Journal of Small Animal Practice - Tập 48 Số 12 - Trang 670-676 - 2007
S. Sarrau1, Géraldine Jourdan, F Dupuis-Soyris, Patrick Verwaerde
1National Veterinary School of Toulouse, Anaesthesia and Critical Care Unit, 23, Chemin des Capelles, 31076 Toulouse Cedex, France.

Tóm tắt

Objectives: To determine if ketamine administered to bitches at the end of a mastectomy, followed by a six‐hour constant rate infusion (CRI), improved postoperative opioid analgesia and feeding behaviour.
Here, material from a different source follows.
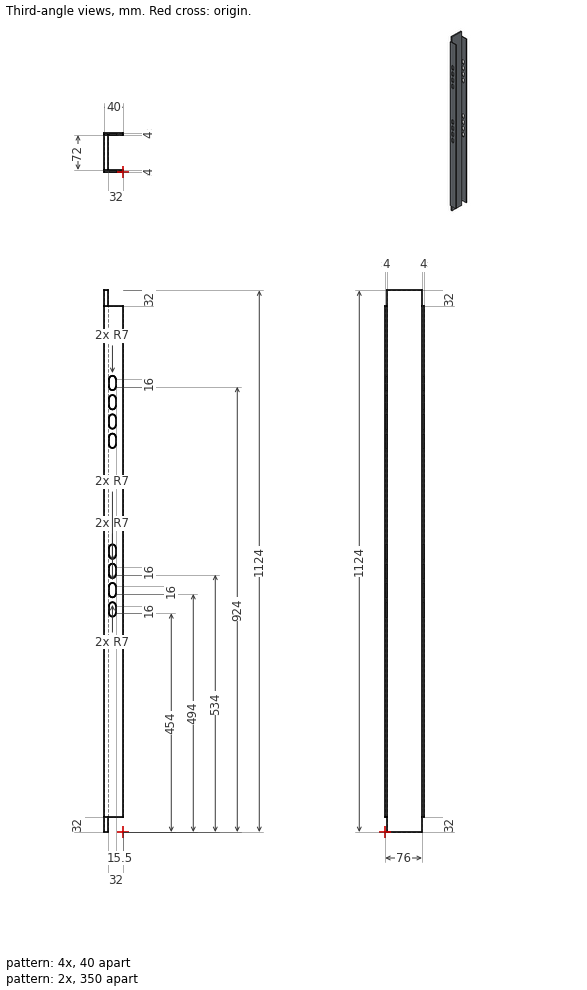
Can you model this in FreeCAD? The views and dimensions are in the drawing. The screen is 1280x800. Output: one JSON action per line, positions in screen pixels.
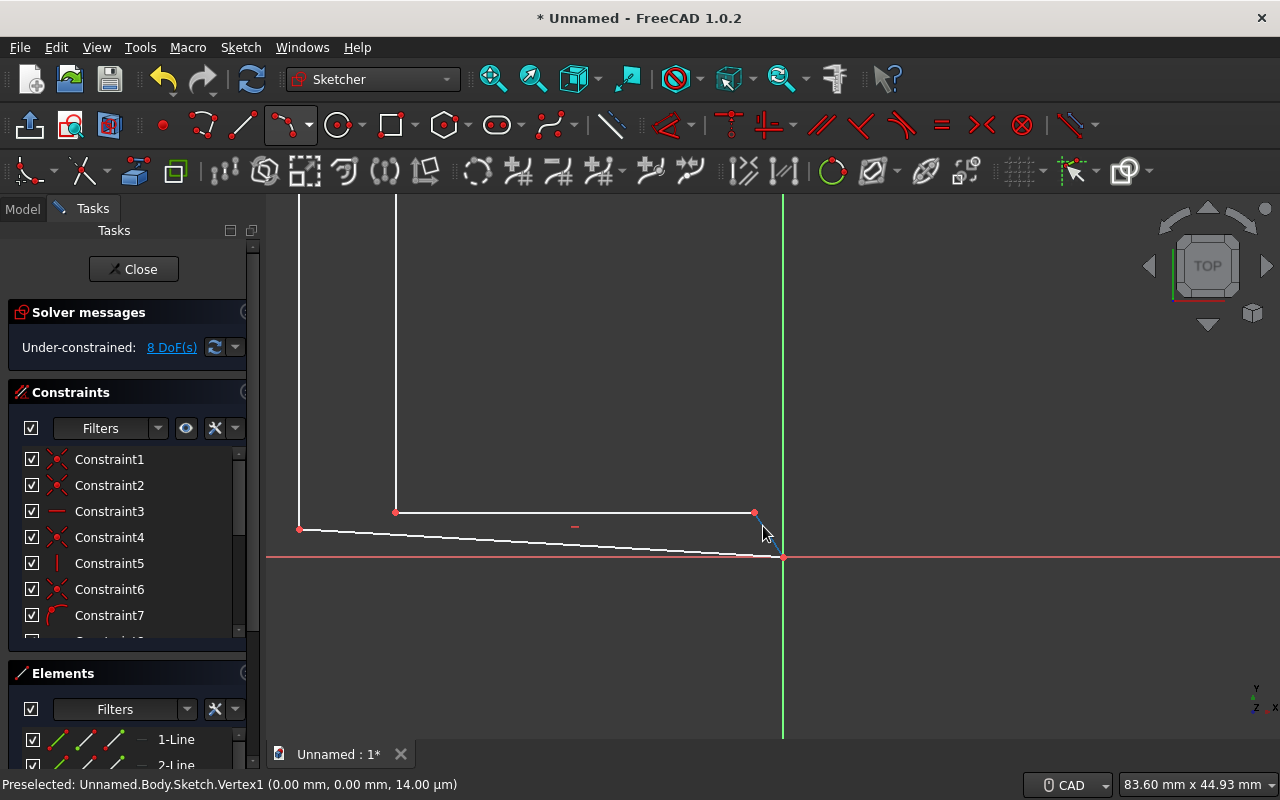
{"action": "left_click", "coordinate": [763, 526]}
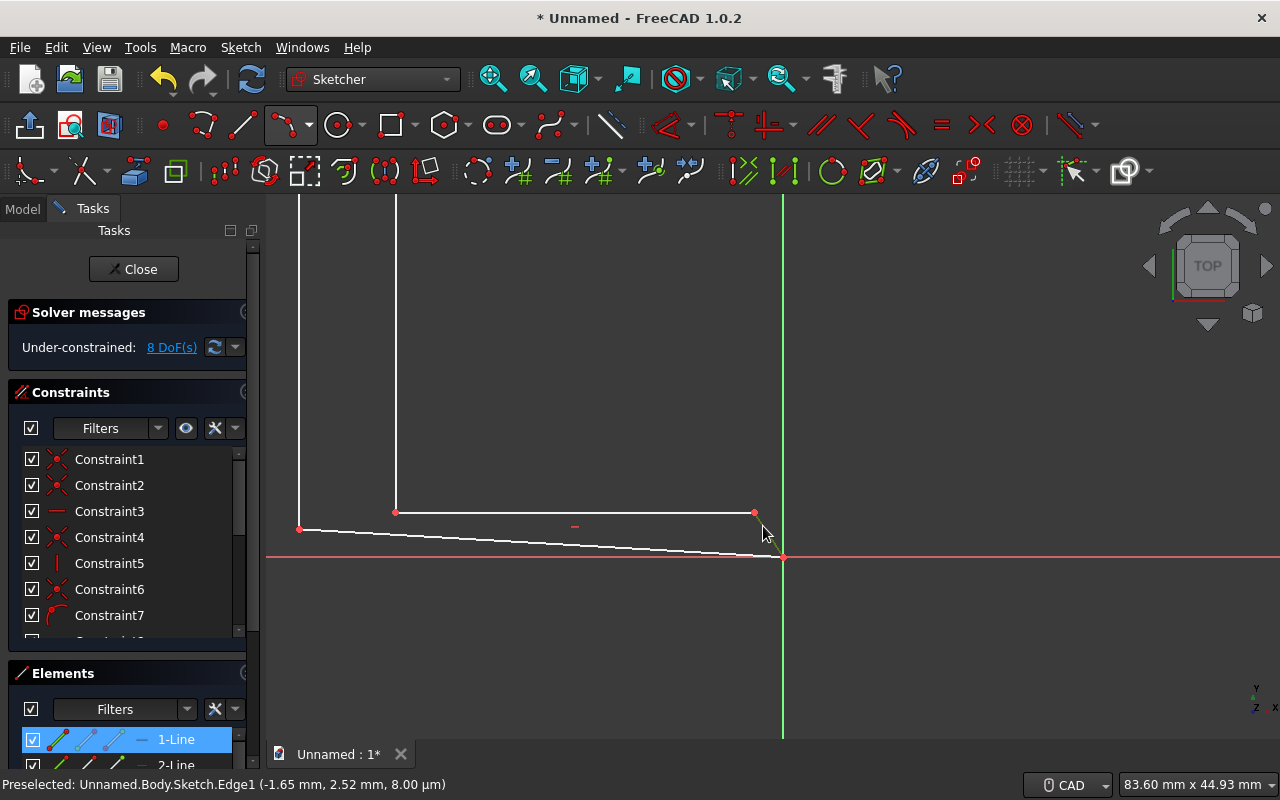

Methods: The bitches were randomised into three groups: the placebo group received 0·09 ml/kg isotonic saline intravenously followed by a six‐hour CRI of 0·5 ml/kg/hour, the low‐dose ketamine received 150 μg/kg ketamine intravenously followed by a six‐hour CRI of 2 μg/kg/minute and the high‐dose ketamine group received 700 μg/kg ketamine intravenously followed by a six‐hour CRI of 10 μg/kg/minute. Any additional opioids given were recorded at the time of extubation and at intervals after extubation. Food intake was evaluated eight (T8) and 20 (T20) hours after extubation by measuring the per cent coverage of basal energy requirements (BER). Results: No significant difference was observed for opioid requirements between the three groups. The mean percentages of BER coverage did not differ significantly at T8 but the difference between the high‐dose and low‐dose ketamine groups (P=0·014), and the high‐dose ketamine and placebo groups (P=0·038) was significant at T20. Clinical Significance: This study demonstrated that 700 μg/kg ketamine given intravenously postoperatively followed by a six‐hour ketamine CRI of 10 μg/kg/minute improved patient feeding behaviour.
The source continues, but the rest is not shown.